Z jakiejkolwiek perspektywy na to patrzysz, jasne jest, że nie jest to po prostu kwestia wygody, ale pełnoprawny problem płci. W rzeczywistości męskie rozrzucanie ma głębsze znaczenie jako metafora kondycji kobiet na świecie. W rzeczywistości mężczyźni mają znacznie więcej miejsca, nie tylko w autobusach, ale także w społeczeństwie, niż ich odpowiedniki płci żeńskiej. Wystarczy pomyśleć o polityce lub zarządach firm, w których kobiety są wciąż tylko białymi muchami.

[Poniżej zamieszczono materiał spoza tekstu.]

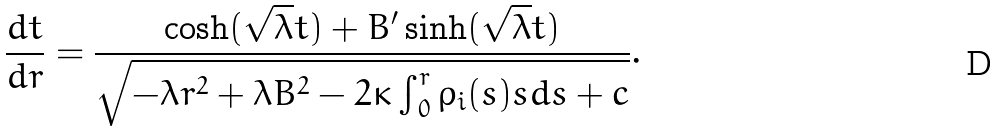Convert formula to latex. <formula><loc_0><loc_0><loc_500><loc_500>\frac { d t } { d r } = \frac { \cosh ( \sqrt { \lambda } t ) + B ^ { \prime } \sinh ( \sqrt { \lambda } t ) } { \sqrt { { - \lambda r ^ { 2 } + \lambda B ^ { 2 } - 2 \kappa \int _ { 0 } ^ { r } { \rho _ { i } ( s ) s d s } + c } } } .</formula> 
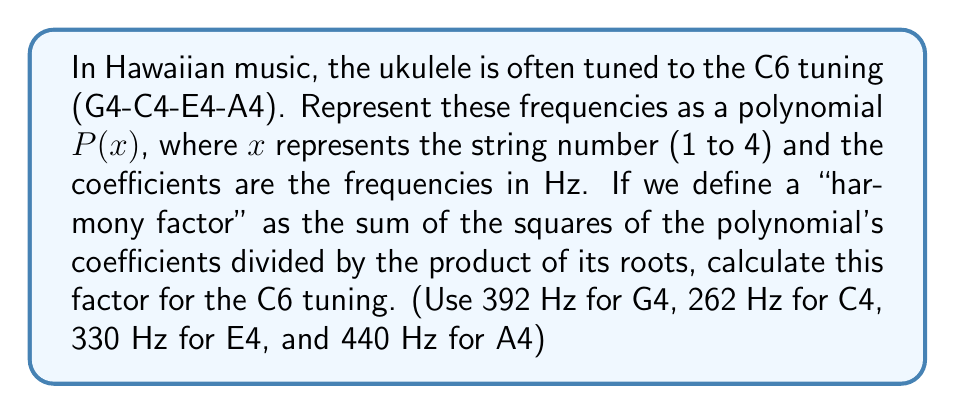Solve this math problem. 1) First, let's create the polynomial $P(x)$ using the given frequencies:
   $P(x) = 392x^3 + 262x^2 + 330x + 440$

2) The sum of the squares of the coefficients is:
   $S = 392^2 + 262^2 + 330^2 + 440^2 = 153664 + 68644 + 108900 + 193600 = 524808$

3) To find the roots of the polynomial, we would typically need to solve the equation $P(x) = 0$. However, for this problem, we don't need to actually solve for the roots. We can use Vieta's formulas to find their product.

4) The product of the roots, according to Vieta's formulas, is:
   $r_1 \cdot r_2 \cdot r_3 = -\frac{a_0}{a_3} = -\frac{440}{392} = -\frac{10}{9}$

5) The harmony factor is defined as:
   $H = \frac{\text{Sum of squares of coefficients}}{\text{Product of roots}}$

6) Substituting the values:
   $H = \frac{524808}{|-\frac{10}{9}|} = 524808 \cdot \frac{9}{10} = 472327.2$

Therefore, the harmony factor for the C6 tuning of the ukulele is 472327.2.
Answer: 472327.2 
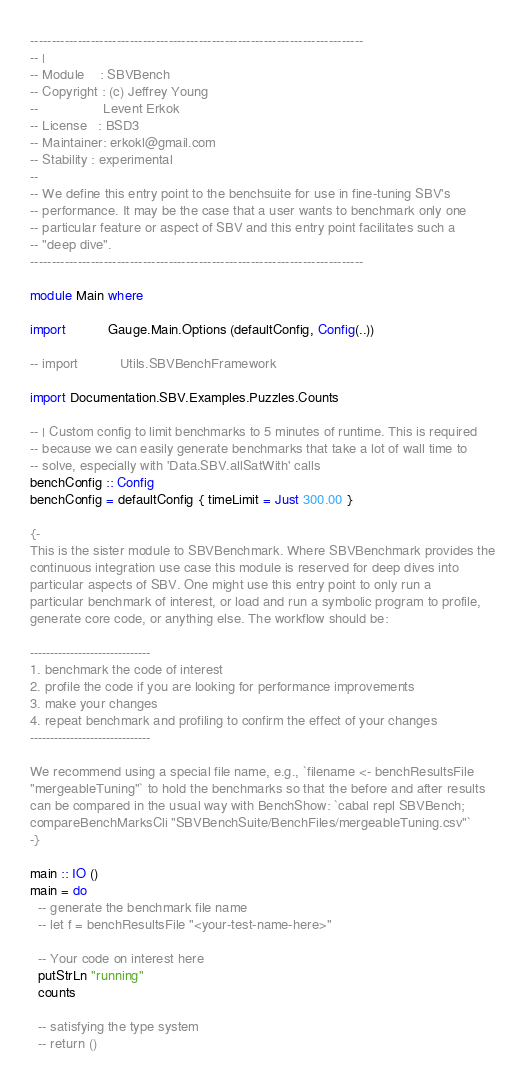<code> <loc_0><loc_0><loc_500><loc_500><_Haskell_>-----------------------------------------------------------------------------
-- |
-- Module    : SBVBench
-- Copyright : (c) Jeffrey Young
--                 Levent Erkok
-- License   : BSD3
-- Maintainer: erkokl@gmail.com
-- Stability : experimental
--
-- We define this entry point to the benchsuite for use in fine-tuning SBV's
-- performance. It may be the case that a user wants to benchmark only one
-- particular feature or aspect of SBV and this entry point facilitates such a
-- "deep dive".
-----------------------------------------------------------------------------

module Main where

import           Gauge.Main.Options (defaultConfig, Config(..))

-- import           Utils.SBVBenchFramework

import Documentation.SBV.Examples.Puzzles.Counts

-- | Custom config to limit benchmarks to 5 minutes of runtime. This is required
-- because we can easily generate benchmarks that take a lot of wall time to
-- solve, especially with 'Data.SBV.allSatWith' calls
benchConfig :: Config
benchConfig = defaultConfig { timeLimit = Just 300.00 }

{-
This is the sister module to SBVBenchmark. Where SBVBenchmark provides the
continuous integration use case this module is reserved for deep dives into
particular aspects of SBV. One might use this entry point to only run a
particular benchmark of interest, or load and run a symbolic program to profile,
generate core code, or anything else. The workflow should be:

------------------------------
1. benchmark the code of interest
2. profile the code if you are looking for performance improvements
3. make your changes
4. repeat benchmark and profiling to confirm the effect of your changes
------------------------------

We recommend using a special file name, e.g., `filename <- benchResultsFile
"mergeableTuning"` to hold the benchmarks so that the before and after results
can be compared in the usual way with BenchShow: `cabal repl SBVBench;
compareBenchMarksCli "SBVBenchSuite/BenchFiles/mergeableTuning.csv"`
-}

main :: IO ()
main = do
  -- generate the benchmark file name
  -- let f = benchResultsFile "<your-test-name-here>"

  -- Your code on interest here
  putStrLn "running"
  counts

  -- satisfying the type system
  -- return ()
</code> 
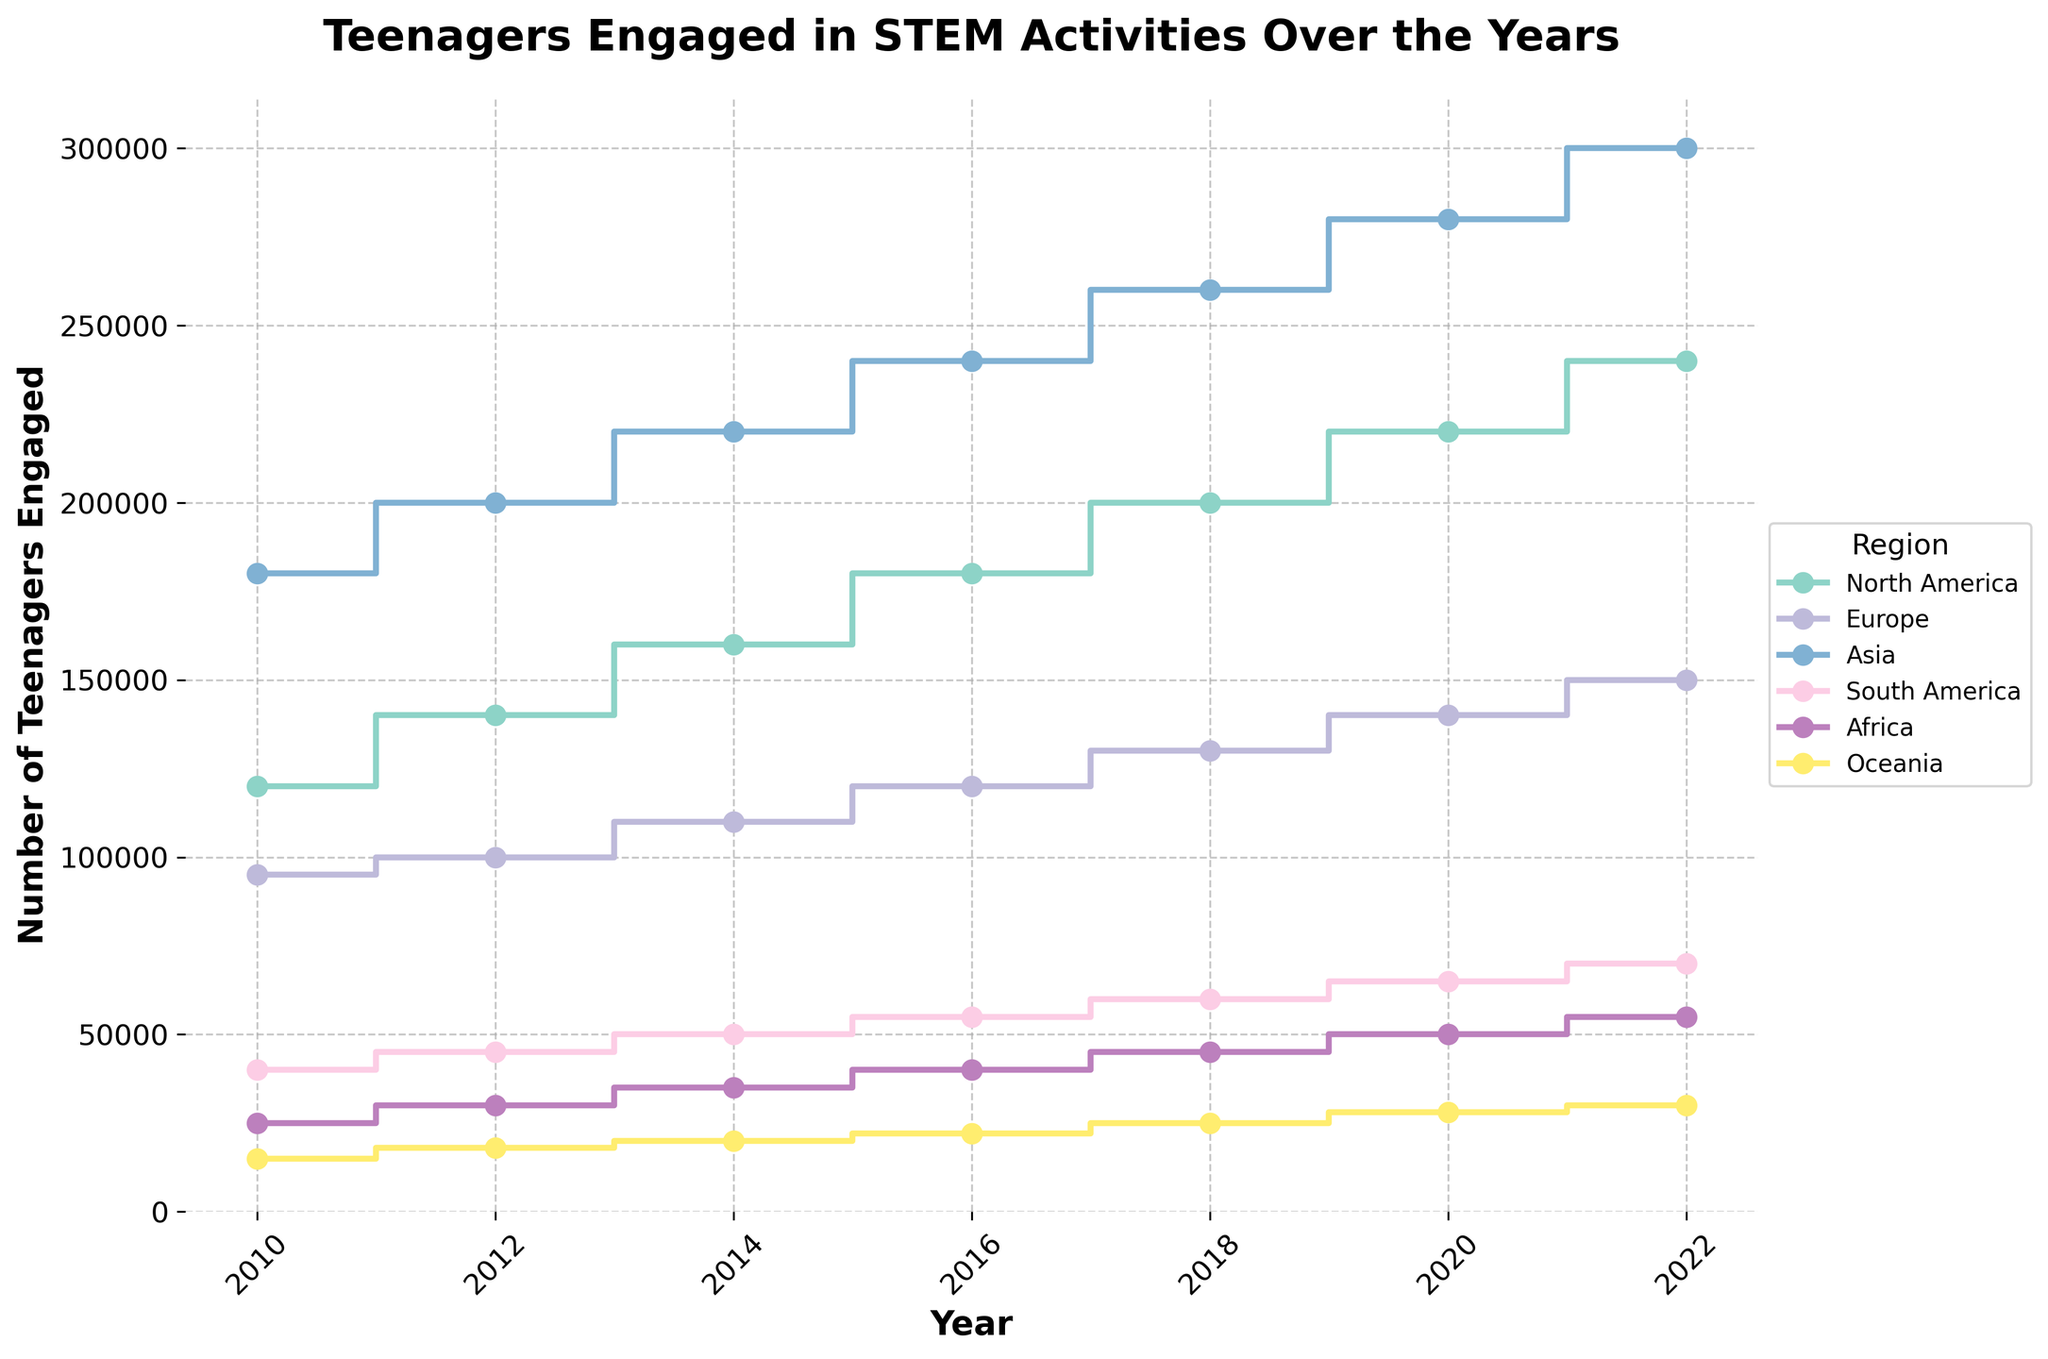What is the title of the figure? The title of the figure is indicated at the top of the plot. The title is prominently displayed in bold font.
Answer: Teenagers Engaged in STEM Activities Over the Years How many regions are represented in the figure? The figure's legend displays all regions represented in the data. Count the distinct regions listed in the legend.
Answer: 6 Which region had the highest number of teenagers engaged in 2020? Look at the intersection of the lines corresponding to the year 2020 on the x-axis and identify the region with the highest value on the y-axis.
Answer: Asia By how much did the number of teenagers engaged in STEM activities increase in North America from 2010 to 2022? Find the data points for North America in the years 2010 and 2022 on the plot. Subtract the 2010 value from the 2022 value.
Answer: 120000 What is the smallest number of teenagers engaged in STEM activities in any region for the year 2010? Locate the data points for the year 2010 and find the minimum value on the y-axis among the regions.
Answer: 15000 Which region shows a consistent increase in the number of teenagers engaged in STEM activities from 2010 to 2022? Trace the steps for each region and determine which one shows an upward trend in every step without any decline.
Answer: Asia What is the average number of teenagers engaged in STEM activities in Oceania across all the years? Identify the data points for Oceania, sum them, and then divide by the total number of years.
Answer: 21333.33 How much more teenagers were engaged in STEM activities in Europe compared to South America in 2014? Locate the data points for Europe and South America in 2014 and subtract the value for South America from the value for Europe.
Answer: 60000 In which year did Africa see the largest increase in teenagers engaged in STEM activities compared to the previous recorded year? Examine the differences in the number of teenagers engaged between consecutive years for Africa and identify the largest increase.
Answer: 2016 (5000 increase from 2014 to 2016) Did the number of teenagers engaged in STEM activities ever decrease for any region? If yes, which one? Trace the steps for each region and identify if any of the lines have a step-down indicating a decrease.
Answer: No 
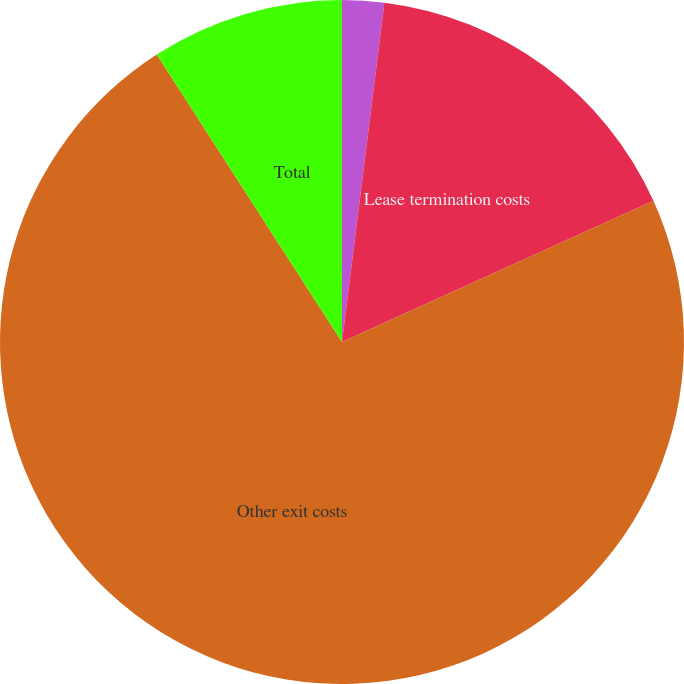Convert chart. <chart><loc_0><loc_0><loc_500><loc_500><pie_chart><fcel>Severance and termination<fcel>Lease termination costs<fcel>Other exit costs<fcel>Total<nl><fcel>1.98%<fcel>16.24%<fcel>72.67%<fcel>9.11%<nl></chart>

Dlatego przeciwdziałanie rozrzutom oznacza dla wielu z nas zdobycie – choć minimalnej – dodatkowej przestrzeni i wreszcie zobaczenie, jak nasza obecność jest rozpoznawana, a nie zmiażdżona. Co więcej, jeśli zastanowimy się, ile czasu w naszym życiu spędzamy w transporcie publicznym, rozumiemy, że chęć wygodnego podróżowania nie jest bez znaczenia.